Copy out each line of the data holding "Very".

◆ Records shown

<<<<

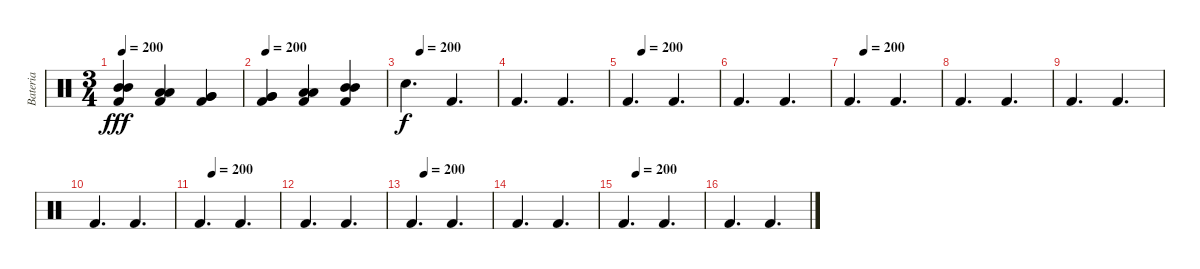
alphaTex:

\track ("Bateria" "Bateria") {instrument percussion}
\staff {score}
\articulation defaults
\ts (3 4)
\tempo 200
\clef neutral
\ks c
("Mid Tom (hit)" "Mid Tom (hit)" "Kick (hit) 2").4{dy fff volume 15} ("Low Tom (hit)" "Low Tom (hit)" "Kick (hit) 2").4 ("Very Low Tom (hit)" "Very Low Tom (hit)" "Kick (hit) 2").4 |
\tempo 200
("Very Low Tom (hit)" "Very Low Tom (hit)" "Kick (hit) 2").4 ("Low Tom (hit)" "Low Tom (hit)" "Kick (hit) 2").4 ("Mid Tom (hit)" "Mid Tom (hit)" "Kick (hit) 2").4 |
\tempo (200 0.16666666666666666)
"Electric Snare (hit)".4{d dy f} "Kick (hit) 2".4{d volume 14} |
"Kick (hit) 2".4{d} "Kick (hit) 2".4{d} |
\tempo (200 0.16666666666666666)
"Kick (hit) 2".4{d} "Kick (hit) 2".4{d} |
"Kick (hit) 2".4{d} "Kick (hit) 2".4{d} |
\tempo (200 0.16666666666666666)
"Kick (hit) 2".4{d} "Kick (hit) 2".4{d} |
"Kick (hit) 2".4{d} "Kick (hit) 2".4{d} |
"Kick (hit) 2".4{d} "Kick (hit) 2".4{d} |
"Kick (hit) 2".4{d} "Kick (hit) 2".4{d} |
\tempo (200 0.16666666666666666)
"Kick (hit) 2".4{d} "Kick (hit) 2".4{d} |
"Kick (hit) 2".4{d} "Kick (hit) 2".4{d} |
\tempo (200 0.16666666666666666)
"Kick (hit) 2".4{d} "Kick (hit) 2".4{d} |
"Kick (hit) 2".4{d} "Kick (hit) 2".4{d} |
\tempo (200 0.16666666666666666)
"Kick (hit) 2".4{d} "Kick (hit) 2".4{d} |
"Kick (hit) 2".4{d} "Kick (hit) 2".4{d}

>>>>

◆ Answer to this task
("Mid Tom (hit)" "Mid Tom (hit)" "Kick (hit) 2").4{dy fff volume 15} ("Low Tom (hit)" "Low Tom (hit)" "Kick (hit) 2").4 ("Very Low Tom (hit)" "Very Low Tom (hit)" "Kick (hit) 2").4 |
("Very Low Tom (hit)" "Very Low Tom (hit)" "Kick (hit) 2").4 ("Low Tom (hit)" "Low Tom (hit)" "Kick (hit) 2").4 ("Mid Tom (hit)" "Mid Tom (hit)" "Kick (hit) 2").4 |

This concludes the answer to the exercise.